Writing Workflows

Overview

Teaching: 10 min
Exercises: 0 min
Questions
  • How do I connect tools together into a workflow?

Objectives
  • Learn how to construct workflows from multiple CWL tool descriptions.

This workflow extracts a java source file from a tar file and then compiles it.

1st-workflow.cwl

#!/usr/bin/env cwl-runner

cwlVersion: v1.0
class: Workflow
inputs:
  tarball: File
  name_of_file_to_extract: string

outputs:
  compiled_class:
    type: File
    outputSource: compile/classfile

steps:
  untar:
    run: tar-param.cwl
    in:
      tarfile: tarball
      extractfile: name_of_file_to_extract
    out: [extracted_file]

  compile:
    run: arguments.cwl
    in:
      src: untar/extracted_file
    out: [classfile]

Visualization of 1st-workflow.cwl

Visualization of 1st-workflow.cwl

Use a JSON object in a separate file to describe the input of a run:

1st-workflow-job.yml

tarball:
  class: File
  path: hello.tar
name_of_file_to_extract: Hello.java

Now invoke cwl-runner with the tool wrapper and the input object on the command line:

$ echo "public class Hello {}" > Hello.java && tar -cvf hello.tar Hello.java
$ cwl-runner 1st-workflow.cwl 1st-workflow-job.yml
[job untar] /tmp/tmp94qFiM$ tar --create --file /home/example/hello.tar Hello.java
[step untar] completion status is success
[job compile] /tmp/tmpu1iaKL$ docker run -i --volume=/tmp/tmp94qFiM/Hello.java:/var/lib/cwl/job301600808_tmp94qFiM/Hello.java:ro --volume=/tmp/tmpu1iaKL:/var/spool/cwl:rw --volume=/tmp/tmpfZnNdR:/tmp:rw --workdir=/var/spool/cwl --read-only=true --net=none --user=1001 --rm --env=TMPDIR=/tmp java:7 javac -d /var/spool/cwl /var/lib/cwl/job301600808_tmp94qFiM/Hello.java
[step compile] completion status is success
[workflow 1st-workflow.cwl] outdir is /home/example
Final process status is success
{
  "compiled_class": {
    "location": "/home/example/Hello.class",
    "checksum": "sha1$e68df795c0686e9aa1a1195536bd900f5f417b18",
    "class": "File",
    "size": 416
  }
}

What’s going on here? Let’s break it down:

cwlVersion: v1.0
class: Workflow

The cwlVersion field indicates the version of the CWL spec used by the document. The class field indicates this document describes a workflow.

inputs:
  tarball: File
  name_of_file_to_extract: string

The inputs section describes the inputs of the workflow. This is a list of input parameters where each parameter consists of an identifier and a data type. These parameters can be used as sources for input to specific workflows steps.

outputs:
  compiled_class:
    type: File
    outputSource: compile/classfile

The outputs section describes the outputs of the workflow. This is a list of output parameters where each parameter consists of an identifier and a data type.
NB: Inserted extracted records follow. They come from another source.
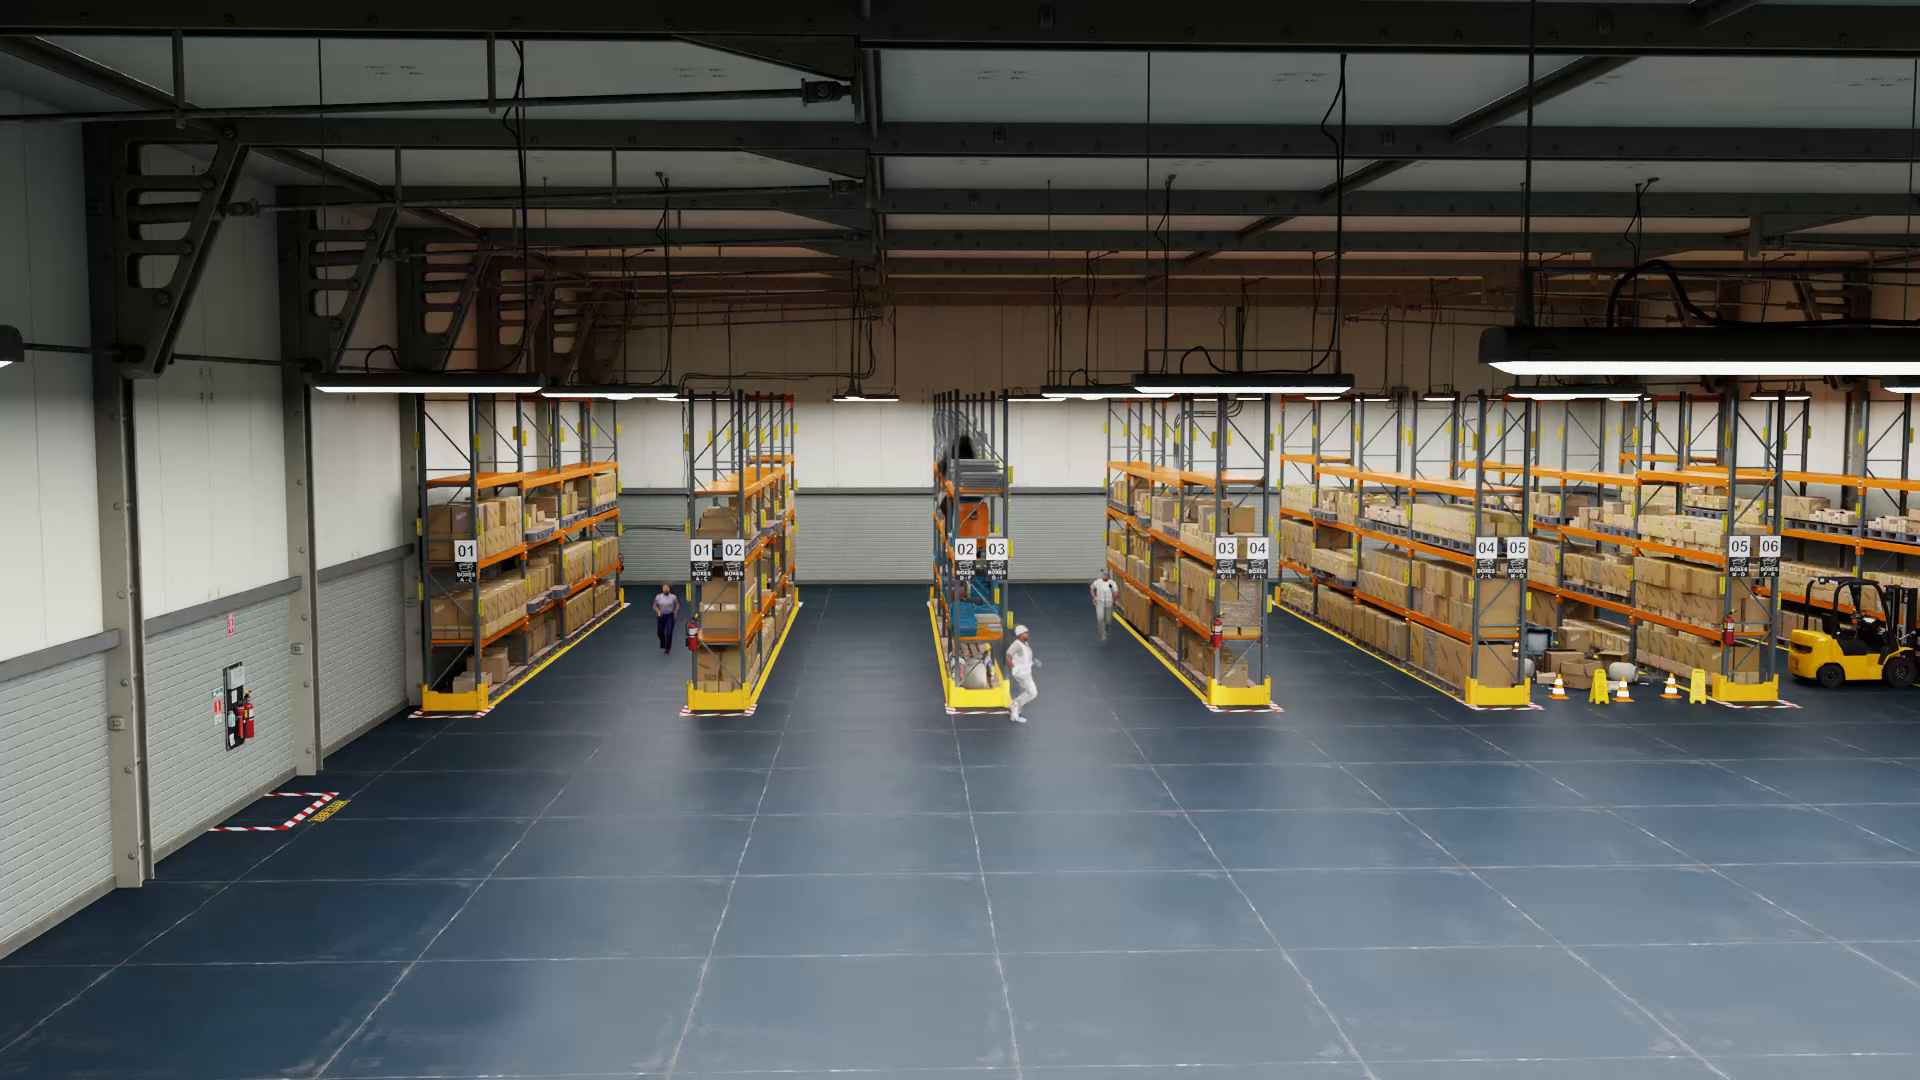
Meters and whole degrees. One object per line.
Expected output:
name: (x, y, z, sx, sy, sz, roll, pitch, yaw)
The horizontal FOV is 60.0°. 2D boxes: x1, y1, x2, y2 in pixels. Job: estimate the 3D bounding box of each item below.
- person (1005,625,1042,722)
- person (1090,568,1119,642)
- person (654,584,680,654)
person: (1.169, 2.409, 29.939, 0.590, 1.744, 0.680, 1, 5, 16)
person: (3.373, 1.527, 38.737, 0.663, 1.775, 0.924, 0, 5, 0)
person: (-6.757, 1.812, 38.292, 0.595, 1.583, 0.512, -1, 5, -7)
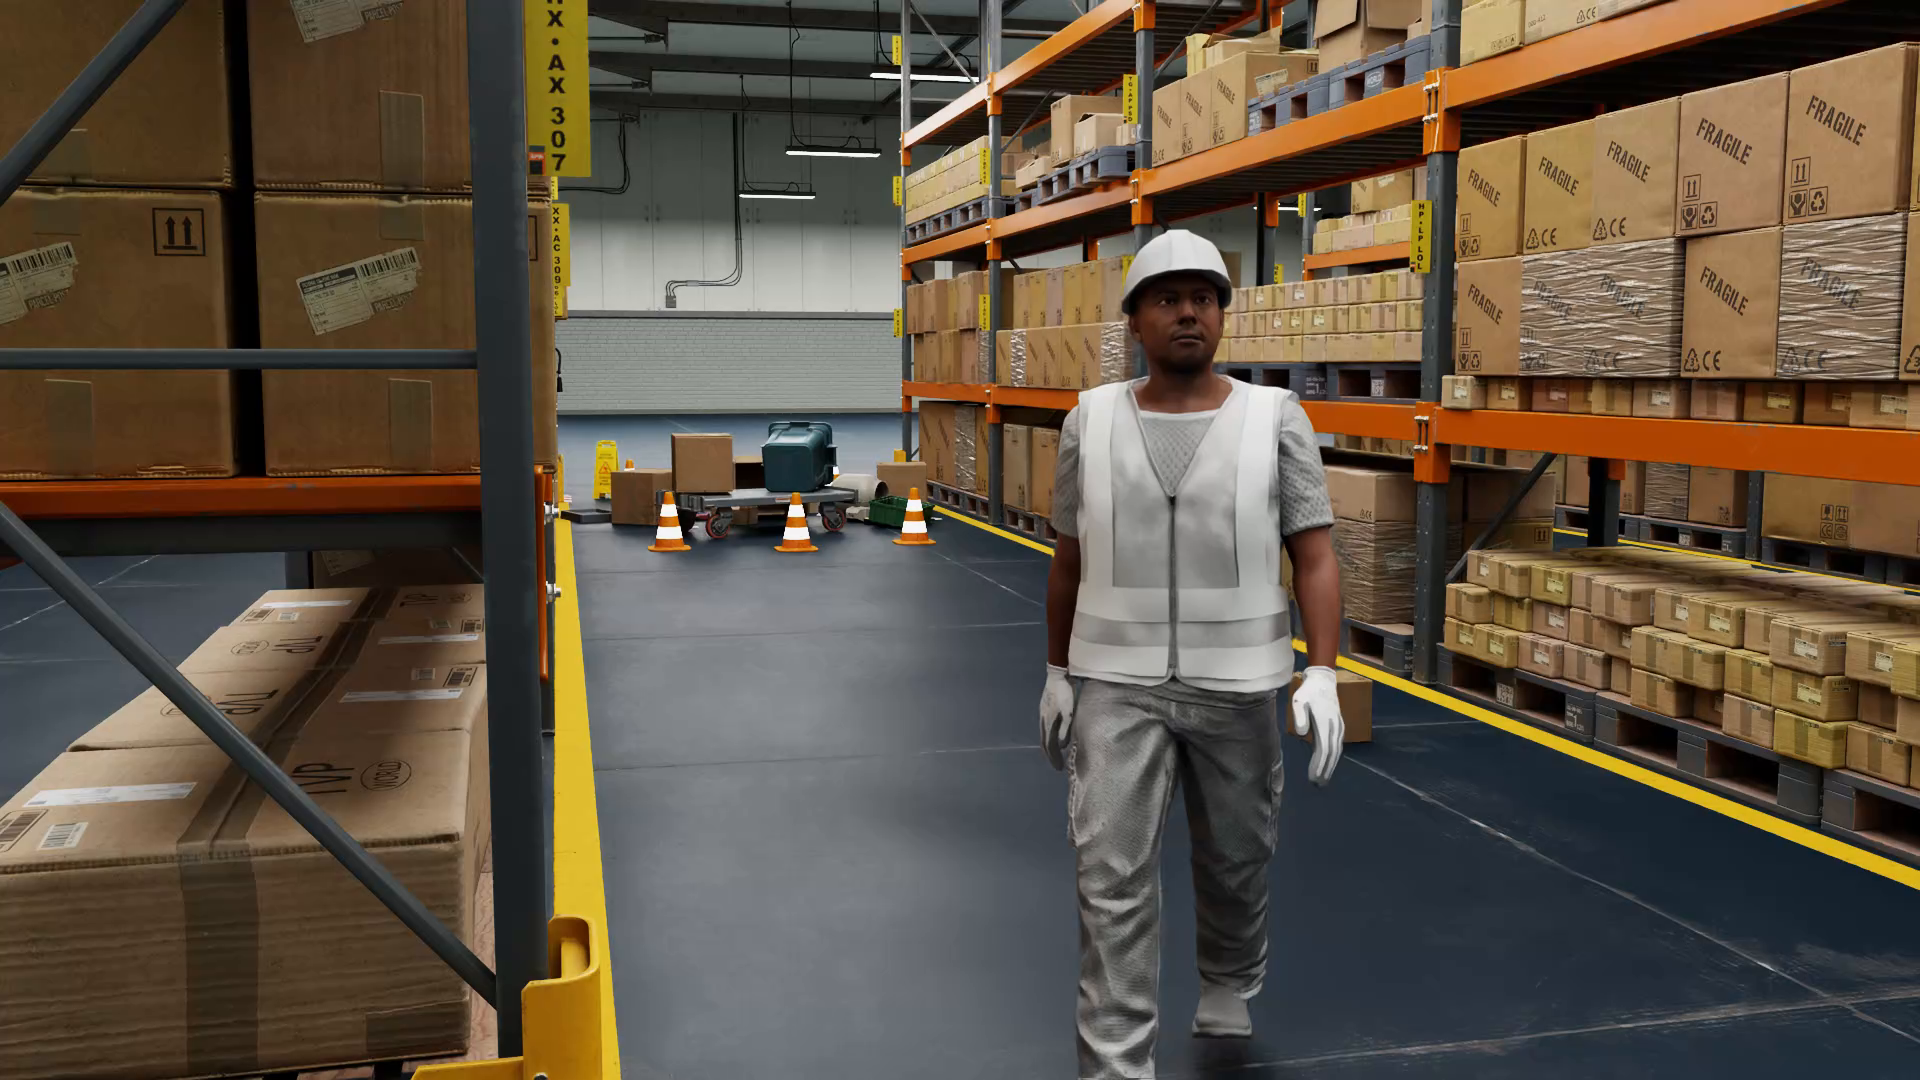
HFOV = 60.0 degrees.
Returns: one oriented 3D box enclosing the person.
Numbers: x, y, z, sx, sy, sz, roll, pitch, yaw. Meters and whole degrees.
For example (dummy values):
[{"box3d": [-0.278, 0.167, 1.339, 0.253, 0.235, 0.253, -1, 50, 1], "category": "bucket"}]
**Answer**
[{"box3d": [0.426, 0.281, 3.186, 0.600, 1.744, 1.018, 1, 6, 10], "category": "person"}]
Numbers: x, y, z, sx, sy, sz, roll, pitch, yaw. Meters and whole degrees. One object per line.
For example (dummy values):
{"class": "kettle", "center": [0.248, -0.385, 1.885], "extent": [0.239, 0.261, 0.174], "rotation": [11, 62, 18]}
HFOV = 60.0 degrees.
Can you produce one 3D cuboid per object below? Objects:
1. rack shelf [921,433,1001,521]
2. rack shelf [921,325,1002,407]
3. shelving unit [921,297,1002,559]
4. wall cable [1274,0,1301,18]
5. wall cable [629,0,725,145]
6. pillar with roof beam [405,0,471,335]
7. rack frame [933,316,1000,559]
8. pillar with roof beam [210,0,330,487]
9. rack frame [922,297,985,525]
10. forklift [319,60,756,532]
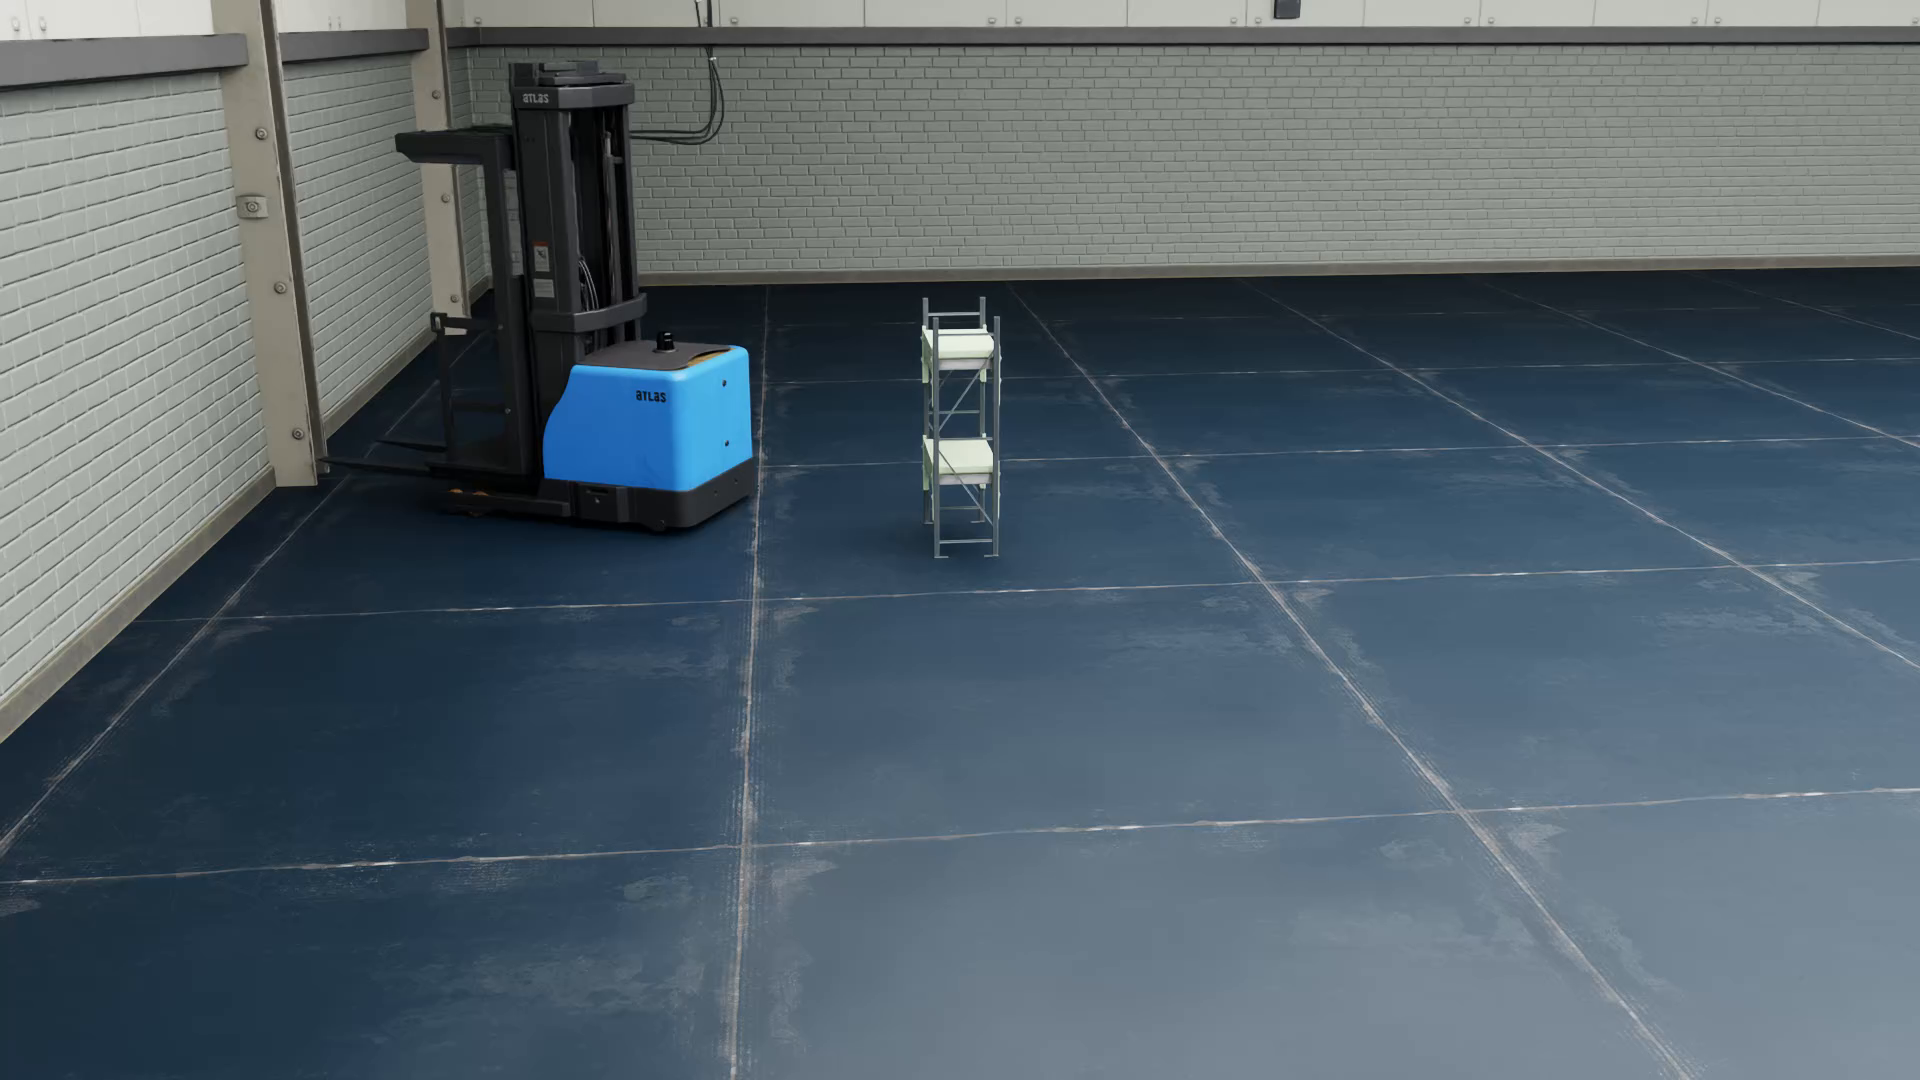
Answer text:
{"class": "rack shelf", "center": [-0.001, -0.407, 10.556], "extent": [0.431, 0.370, 0.720], "rotation": [-2, 18, -6]}
{"class": "rack shelf", "center": [-0.001, -1.090, 10.342], "extent": [0.431, 0.370, 0.720], "rotation": [-2, 18, -6]}
{"class": "shelving unit", "center": [-0.001, -0.718, 10.459], "extent": [0.431, 1.500, 0.755], "rotation": [-2, 18, -6]}
{"class": "wall cable", "center": [5.044, -9.356, 19.777], "extent": [2.305, 6.003, 0.169], "rotation": [-2, 18, -6]}
{"class": "wall cable", "center": [-4.401, -5.963, 19.833], "extent": [3.097, 2.526, 0.112], "rotation": [-2, 18, -6]}
{"class": "pillar with roof beam", "center": [-1.130, -6.659, 16.865], "extent": [9.100, 9.000, 0.400], "rotation": [-2, 18, -6]}
{"class": "rack frame", "center": [0.037, -0.609, 10.111], "extent": [0.400, 1.500, 0.023], "rotation": [-2, 18, -6]}
{"class": "pillar with roof beam", "center": [-0.511, -4.872, 11.171], "extent": [9.100, 9.000, 0.400], "rotation": [-2, 18, -6]}
{"class": "rack frame", "center": [-0.038, -0.827, 10.806], "extent": [0.400, 1.500, 0.023], "rotation": [-2, 18, -6]}
{"class": "forklift", "center": [-2.993, -1.698, 11.193], "extent": [3.031, 2.935, 1.130], "rotation": [6, 18, 18]}

The outputSource connects the output parameter classfile of the compile step to the workflow output parameter compiled_class.

steps:
  untar:
    run: tar-param.cwl
    in:
      tarfile: tarball
      extractfile: name_of_file_to_extract
    out: [extracted_file]

The steps section describes the actual steps of the workflow. In this example, the first step extracts a file from a tar file, and the second step compiles the file from the first step using the java compiler. Workflow steps are not necessarily run in the order they are listed, instead the order is determined by the dependencies between steps (using source). In addition, workflow steps which do not depend on one another may run in parallel.

The first step, untar runs tar-param.cwl (described previously in Parameter references). This tool has two input parameters, tarfile and extractfile and one output parameter example_out.

The in section of the workflow step connects these two input parameters to the inputs of the workflow, tarball and name_of_file_to_extract using source. This means that when the workflow step is executed, the values assigned to tarball and name_of_file_to_extract will be used for the parameters tarfile and extractfile in order to run the tool.

The out section of the workflow step lists the output parameters that are expected from the tool.

  compile:
    run: arguments.cwl
    in:
      src: untar/extracted_file
    out: [classfile]

The second step compile depends on the results from the first step by connecting the input parameter src to the output parameter of untar using untar/extracted_file. The output of this step classfile is connected to the outputs section for the Workflow, described above.

Key Points

  • Each step in a workflow must have its own CWL description.

  • Top level inputs and outputs of the workflow are described in the inputs and outputs fields respectively.

  • The steps are specified under steps.

  • Execution order is determined by the connections between steps.